Snoozing comfortably but always alert,
On the sky blue adirondack chairs,
That call to us too,
To be still and relax,
To purr in the warm summer sunshine.
We rush past from work to work,
Credit card out,
Slips casually onto the counter,
A pleased salesperson.
New cushions, gingham and stripes.
Cheap and cheerful.
Orange and yellow citronella candles.
A red ice bucket, big enough.
An owl candle holder and a yogic cat,
Especially for the observant in our congress of literarians,
And for Max.
Things to renew, to amuse, to welcome friends.
To hold a space open for connections to gently grow.
Packing my car, the skies open,
Torrents of rain.
A garden party being washed away.
Grey turns to blue.
It’s meant to happen.
Amber wine glasses sparkle in the afternoon sun,
Adorned with small bees pressed into moulded glass,
A dozen for ten friends
Waiting for name tags that,
A fellow shopper implored me to tie on them — with raffia,
Down aisle eight,
Past the fake flowers.
But, I’m too pressed to hunt.
Still needed gin and sushi.
String ties are fine and,
How the group will describe each other,
That will be pure inspiration.
Modifiers that invite being.
Friend, the _____________!
Six bottles of champagne.
As many hours of sunlight.
Laughter until our cheeks hurt.
The other old actor,
The magnificent bacon zen master,
The warrior hobbit.
It’s dark and I’m alone on the beach in a place that I often come to think. My dreams had been full of troubling relationship issues, replaying past hurts, mistakes, and attempts at repair. Even in the quiet dawn, it’s immensely difficult to quiet the my mind, particularly those voices that, in hindsight, can see how things could have happened differently. The remind myself that I’m only one in a relationship and I can’t alone control outcome — that it’s always jointly created by all the participants. And besides, the past is past. I’ve been involved with others that bring so much negative personal history to the relationship that it’s like swimming against a tidal wave. It’s those ones that cause me the most anxiety, always feeling that just perhaps I could say or do something that would make a grand difference. It’s those ones that find their way into my dreamscape and begged to be sorted, that wake me feeling anxious. This morning sitting here I need this time alone to be with myself, to remember my own humanity, to practise self compassion, to forgive myself for doing my best when more was required, and to forgive others for the same reasons.
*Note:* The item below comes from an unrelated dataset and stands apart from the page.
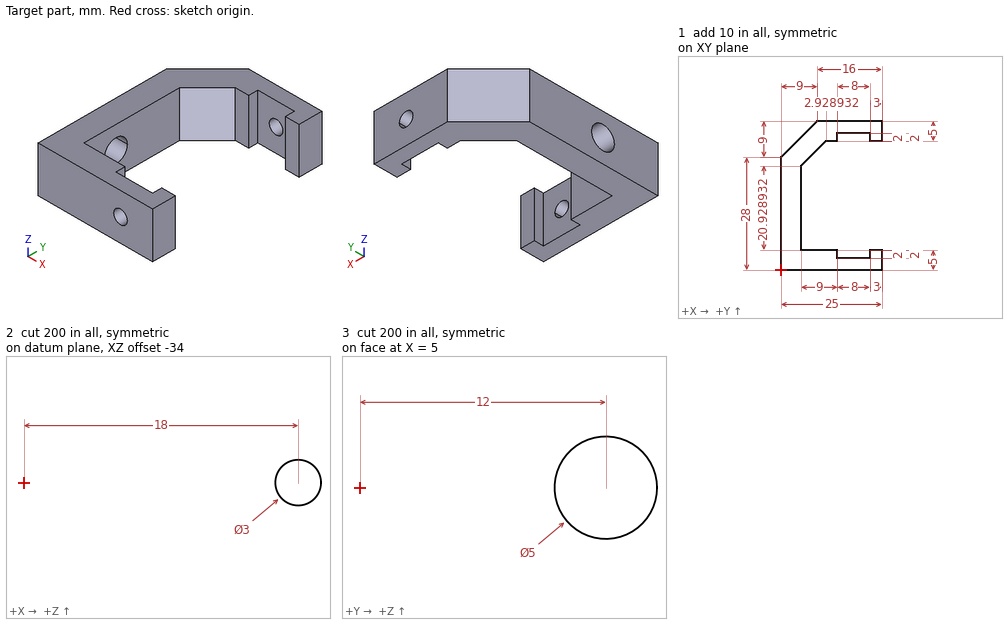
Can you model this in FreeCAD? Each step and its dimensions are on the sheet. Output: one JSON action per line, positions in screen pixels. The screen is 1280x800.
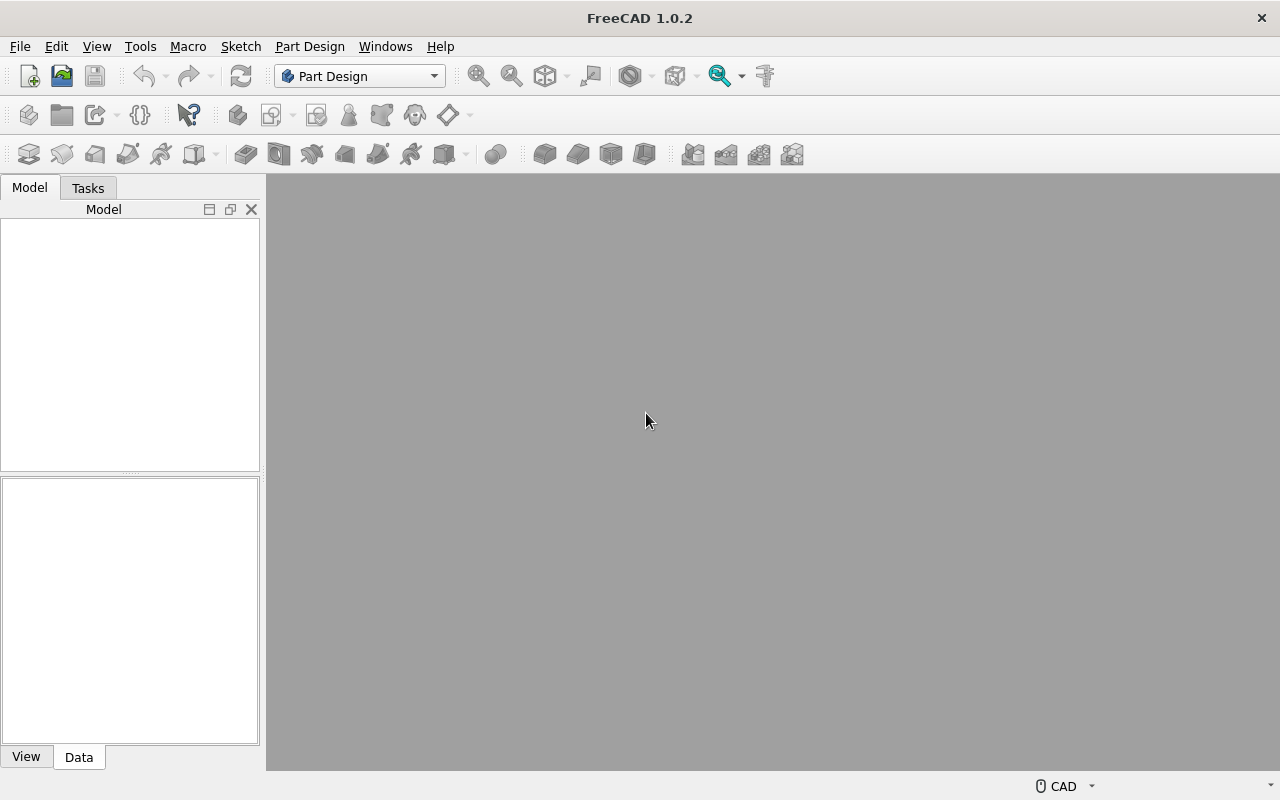
{"action": "left_click", "coordinate": [29, 76]}
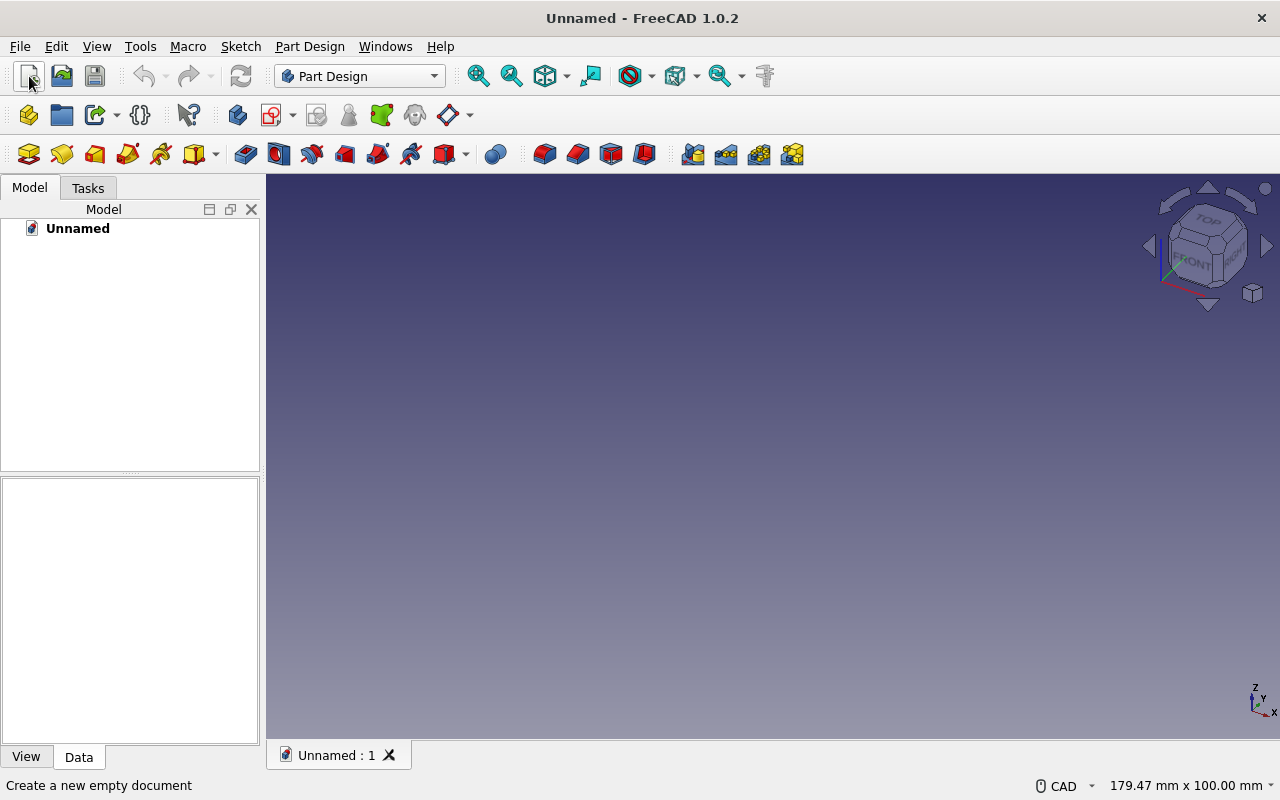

The rhythms of the earth are supportive — I focus on my breath. I grow more and more appreciative of being in quiet relationship with this space. Slowly, I return to a position of knowing that my best intention and open invitation remain my most precious gifts.
The full moon is high in the sky, descending. It’s bright and round and softly illuminates the earth. There are no clouds between the moon and me. The ocean rolls in one wave at a time, slipping onto the short a few feet from where I sit to contemplate the things I’ve encountered during the past few days.
I learned yesterday that one can reset the intention of a crystal by placing it in moonlight. I wonder what it might be like if I thought of myself as a crystal sitting there in a moonbeam. The thing about moonbeams is that follow you wherever you go. This one sparkled across the waves in a loose triangle shape, its gentle point of light settling between my eyes.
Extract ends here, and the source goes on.